Inspired by some of the brain functions involved in learning, we are working hard to allow AI systems to continously learn in an efficient way. In particular, we are designing a dual-memory neural network formed of two learning systems specialized in two different things. One of them learns to perform the tasks at hand while the other learns to feed the former system with the most relevant data so that it can protect memories and avoid forgetting tasks. While this architecture doesn’t get rid of retraining, it helps to significantly reduce storage and computing costs by minimizing the quantity of data needed to retain consolidated memories.

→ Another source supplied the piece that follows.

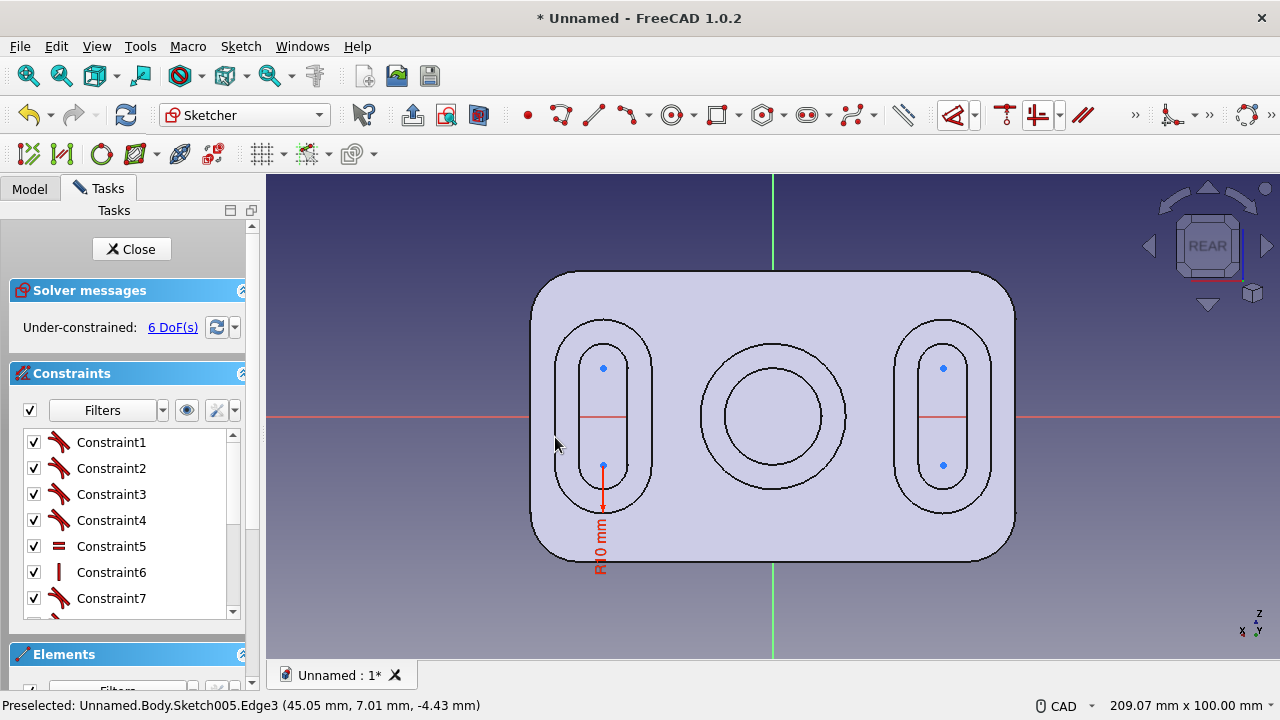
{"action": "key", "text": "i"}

Our research is based on the Complementary Learning Systems (CLS) framework proposed by McClelland et al. in the field of neuroscience. The CLS suggests that the hippocampus would allow for the rapid learning of novel information by performing short-term adaptations with fast learning rates. Conversely, the neocortex would be characterized by a slow learning rate and build overlapping representations of the learned knowledge. These two learning systems would interact with each other by replaying recent memories for its long-term retention in the neocortex.

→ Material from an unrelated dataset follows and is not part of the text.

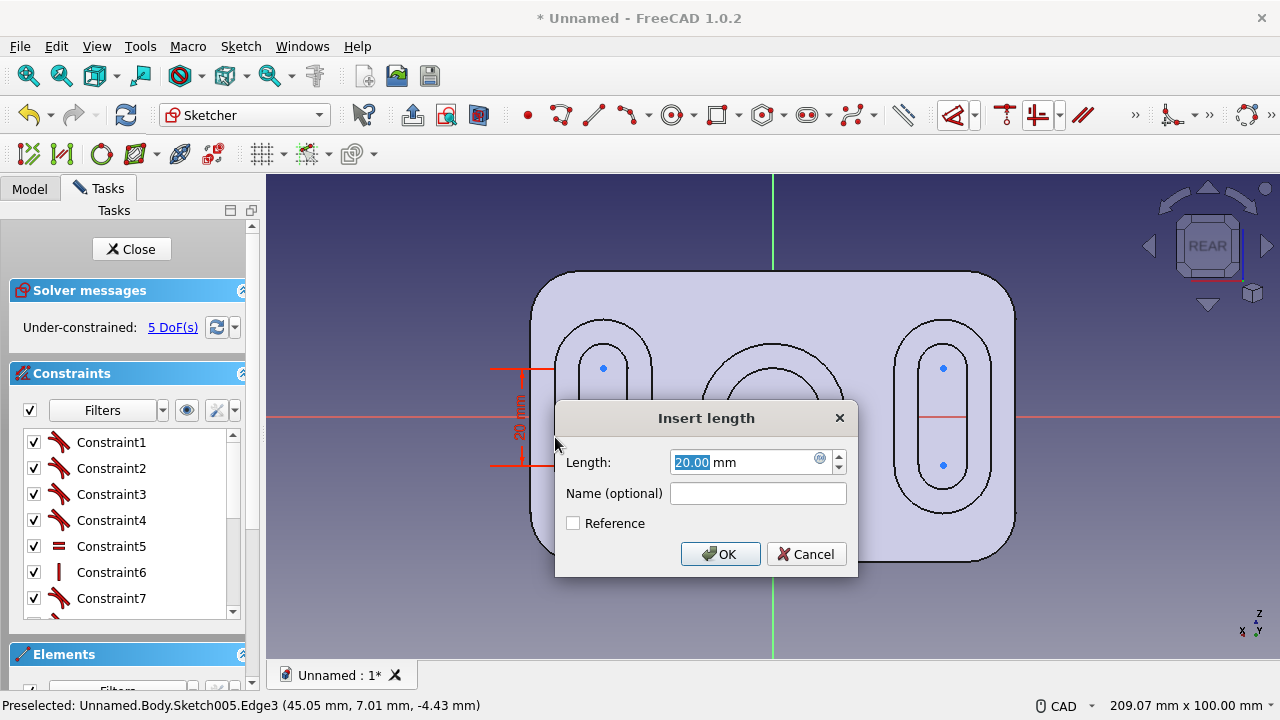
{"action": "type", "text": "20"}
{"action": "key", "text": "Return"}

Other findings from neuroscience have also served as inspiration for our research. The Hippocampal Memory Indexing theory suggests that the hippocampus may funtion as an index of memories. Such an index would be represented in our model by the network specialized in feeding the system with the most relevant data. This network would be learning to reinforce the index of high-impact memories and diminish the index of low-impact memories.

Want to know more?

Different approaches have been proposed to mitigate catastrophic forgetting and/or reduce continual learning costs.

Replay

Replay methods interleave data from previous and new tasks, either by explicitly storing real data or by generating synthetic data with a generative model (pseudo-replay). Jointly retraining all tasks with intearleaved data allows the AI to learn and keep the overlapping representations and protect relevant memories. This approach doesn’t usually require any modification to existing ML algorithms, as it is focused on the data provided to the AI for training.

Regularization

Regularization methods focus on restricting updates on model parameters to protect consolidated memories without the need to retrain previously learned tasks. High regularization coefficients (restrictions) lead to stable memories (no forgetting) but poor plasticity (no learning), and vice versa. This constraint is known as the stability-plasticity dilemma.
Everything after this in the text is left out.